### The problem
Write out, word for word and with no pictures, each line below from the one containing "Convert code to" through the one containing "Convert formula to", both included, and no other line.

### Data listing
Segment Open

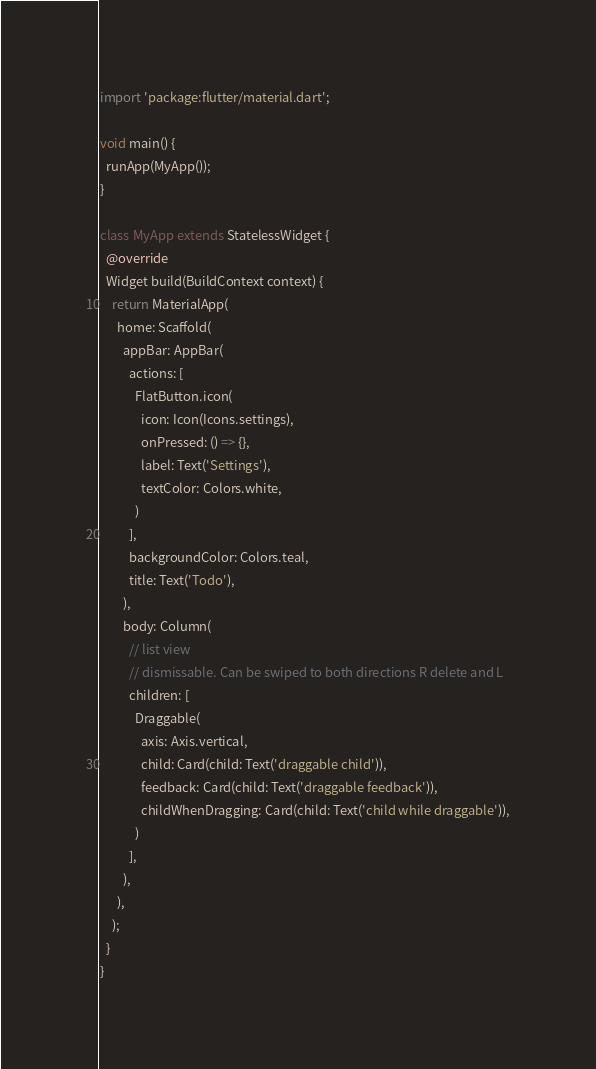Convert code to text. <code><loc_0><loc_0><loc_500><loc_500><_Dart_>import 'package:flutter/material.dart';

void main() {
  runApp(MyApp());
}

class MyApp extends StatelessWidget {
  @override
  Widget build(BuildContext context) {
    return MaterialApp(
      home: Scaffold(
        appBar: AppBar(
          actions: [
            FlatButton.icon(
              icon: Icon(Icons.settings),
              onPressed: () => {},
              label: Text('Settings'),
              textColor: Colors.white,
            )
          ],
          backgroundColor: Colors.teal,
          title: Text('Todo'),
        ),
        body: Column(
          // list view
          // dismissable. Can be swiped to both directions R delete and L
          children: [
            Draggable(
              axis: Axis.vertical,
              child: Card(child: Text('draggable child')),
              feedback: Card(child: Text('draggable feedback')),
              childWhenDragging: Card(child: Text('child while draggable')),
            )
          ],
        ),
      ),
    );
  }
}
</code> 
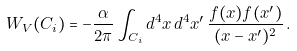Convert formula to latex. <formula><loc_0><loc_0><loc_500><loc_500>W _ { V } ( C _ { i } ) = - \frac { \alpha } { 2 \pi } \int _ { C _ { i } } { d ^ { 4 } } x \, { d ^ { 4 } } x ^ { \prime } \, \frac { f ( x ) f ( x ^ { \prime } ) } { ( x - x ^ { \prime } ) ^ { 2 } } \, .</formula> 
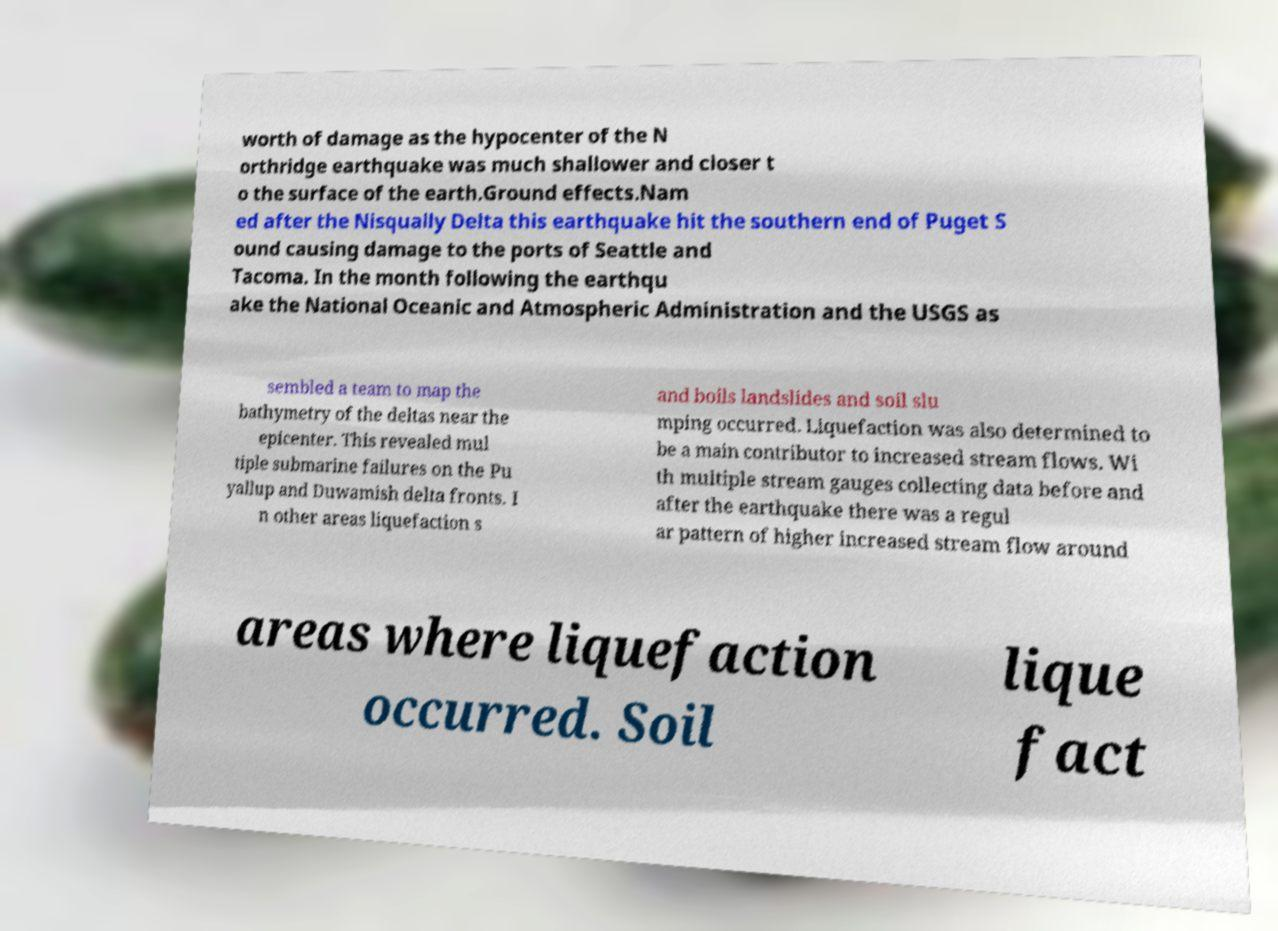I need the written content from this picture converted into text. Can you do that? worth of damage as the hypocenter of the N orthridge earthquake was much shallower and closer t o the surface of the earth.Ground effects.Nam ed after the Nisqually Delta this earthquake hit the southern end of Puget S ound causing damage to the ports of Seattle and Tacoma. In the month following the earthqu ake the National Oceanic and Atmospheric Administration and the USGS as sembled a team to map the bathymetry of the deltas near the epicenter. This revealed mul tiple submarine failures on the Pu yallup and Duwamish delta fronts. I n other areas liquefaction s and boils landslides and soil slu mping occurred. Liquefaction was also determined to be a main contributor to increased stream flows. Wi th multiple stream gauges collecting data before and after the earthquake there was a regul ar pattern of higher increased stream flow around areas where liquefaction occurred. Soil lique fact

Segment Closed
Segment Open

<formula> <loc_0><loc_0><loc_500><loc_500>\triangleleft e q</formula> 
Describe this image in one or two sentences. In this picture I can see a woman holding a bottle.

Segment Closed

### Exercise answer
Convert code to text. <code><loc_0><loc_0><loc_500><loc_500><_Dart_>import 'package:flutter/material.dart';

void main() {
  runApp(MyApp());
}

class MyApp extends StatelessWidget {
  @override
  Widget build(BuildContext context) {
    return MaterialApp(
      home: Scaffold(
        appBar: AppBar(
          actions: [
            FlatButton.icon(
              icon: Icon(Icons.settings),
              onPressed: () => {},
              label: Text('Settings'),
              textColor: Colors.white,
            )
          ],
          backgroundColor: Colors.teal,
          title: Text('Todo'),
        ),
        body: Column(
          // list view
          // dismissable. Can be swiped to both directions R delete and L
          children: [
            Draggable(
              axis: Axis.vertical,
              child: Card(child: Text('draggable child')),
              feedback: Card(child: Text('draggable feedback')),
              childWhenDragging: Card(child: Text('child while draggable')),
            )
          ],
        ),
      ),
    );
  }
}
</code> 
Convert formula to latex. <formula><loc_0><loc_0><loc_500><loc_500>W _ { V } ( C _ { i } ) = - \frac { \alpha } { 2 \pi } \int _ { C _ { i } } { d ^ { 4 } } x \, { d ^ { 4 } } x ^ { \prime } \, \frac { f ( x ) f ( x ^ { \prime } ) } { ( x - x ^ { \prime } ) ^ { 2 } } \, .</formula> 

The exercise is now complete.